By David Poland poland@moviecitynews.com

Friday Estimates by Sinister Klady

Well…

The good news, of a sort, is that Here Comes The Boom, a movie that Sony was not even screening for editorial consideration until Wednesday, tanked. It will be Kevin James’ worst opening as a lead. Maybe the movie has secret charms, as it is directed by Frank Coraci, who is arguably the most skilled director in the Sandler stable (The Wedding Singer, The Waterboy). But this apparent rip-off of half of the box office weak, but brilliant Warrior, didn’t do any better finding an audience.

Finding that audience is Sinister, a new Lionsgate horror movie, this one written and directed by an AICNer. Good, creepy ads. No idea if the movie is interesting or a floater, but it seems to be headed for The Screen Gems 20, which is what I call a solid horror movie start, driven almost exclusively by clever advertising and not word of mouth, which is the standard for these films (whether or not the movies were very cheap or more expensive). Screen Gems, Lionsgate, and others have shown that you can open these movies to just below or just over 20 if your marketing pops. So this is a win for Lionsgate… and might be a bigger win, depending on the numbers on the film.

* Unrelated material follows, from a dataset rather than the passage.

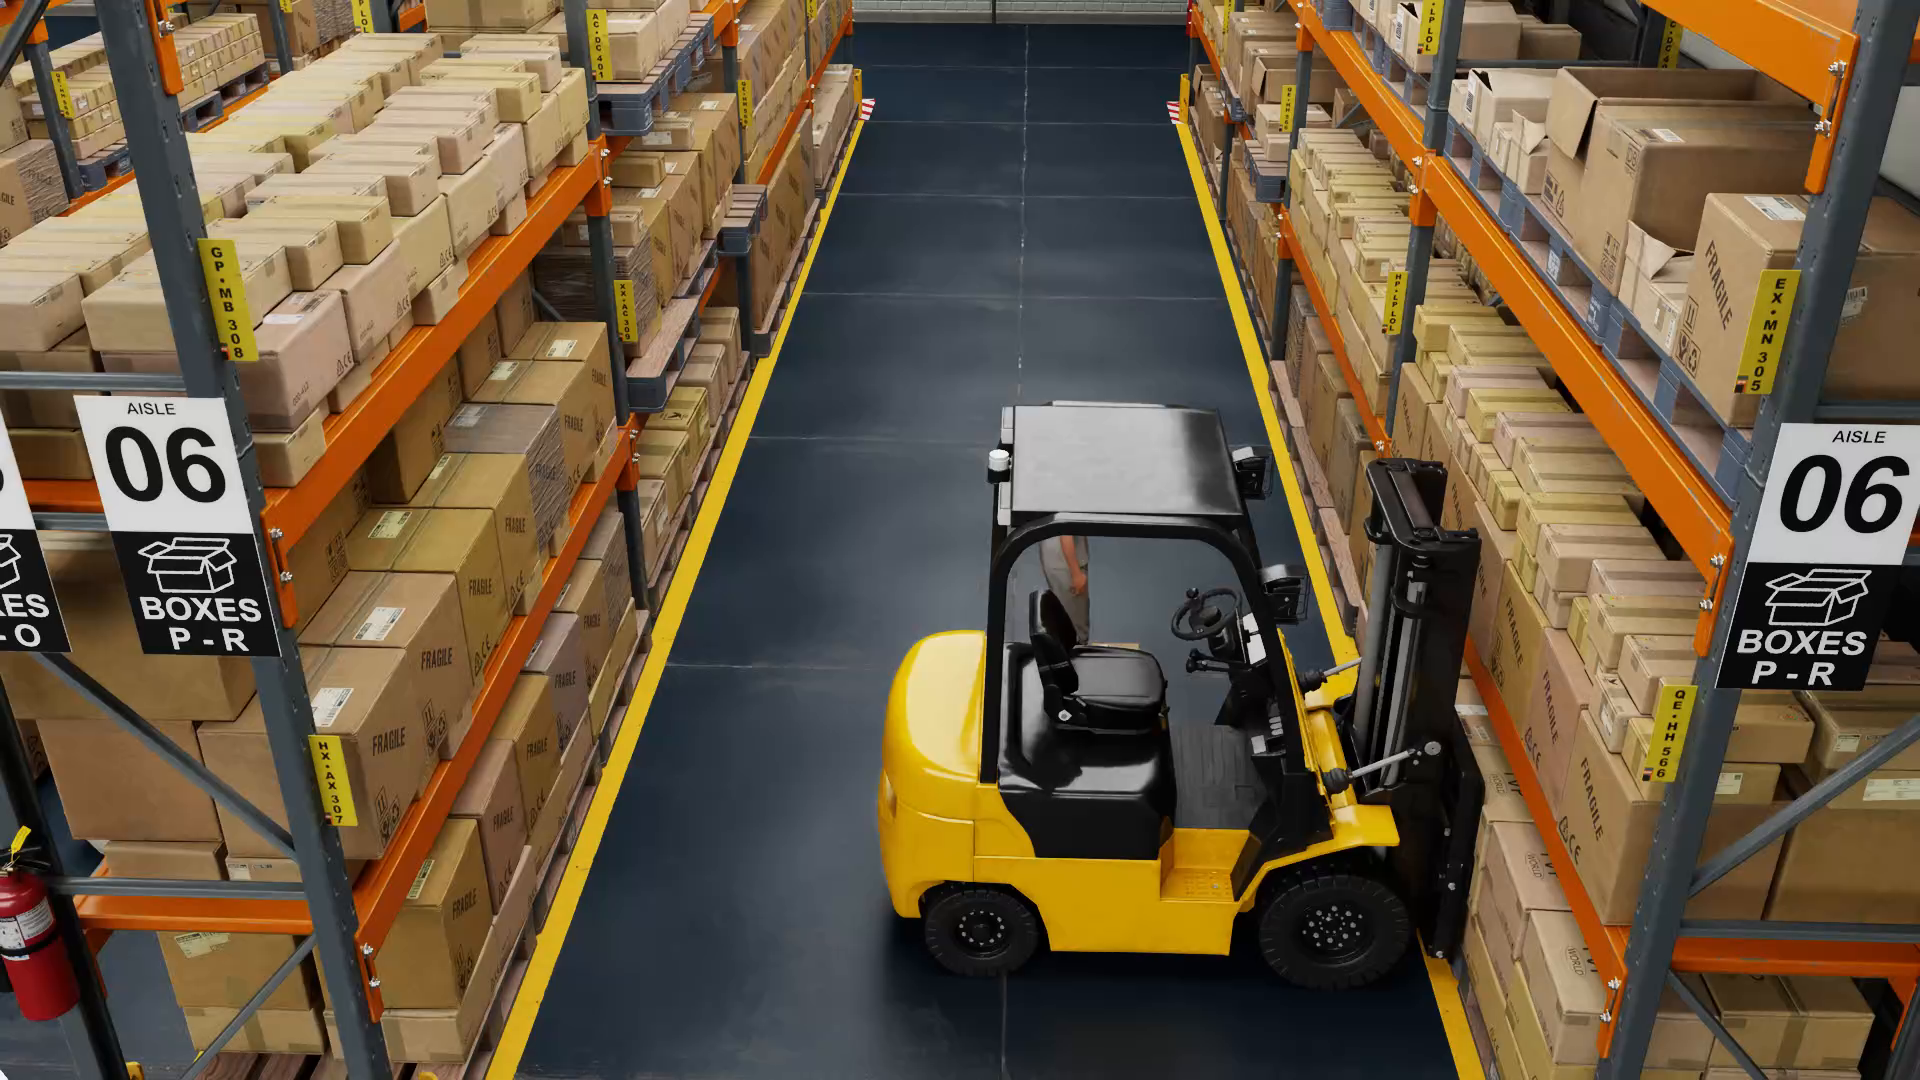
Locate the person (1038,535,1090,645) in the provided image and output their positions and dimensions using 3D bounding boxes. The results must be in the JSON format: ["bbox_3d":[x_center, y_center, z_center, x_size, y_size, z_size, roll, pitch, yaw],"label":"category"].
[{"bbox_3d":[0.571,0.095,8.452,0.358,1.666,0.485,1,28,1],"label":"person"}]

Taken 2 is off 62%, which will probably be around 55% for the weekend… which is about right for this repeat. I have only seen the last 20 minutes of the film. I suspect that I got enough out of that to say that it’s quite familiar… which is a compliment, really. I wasn’t expecting King Lear. Team Besson keeps the action strong and there are some really good actors taking big, healthy bites of scenery. You could do worse, if that’s what you’re after.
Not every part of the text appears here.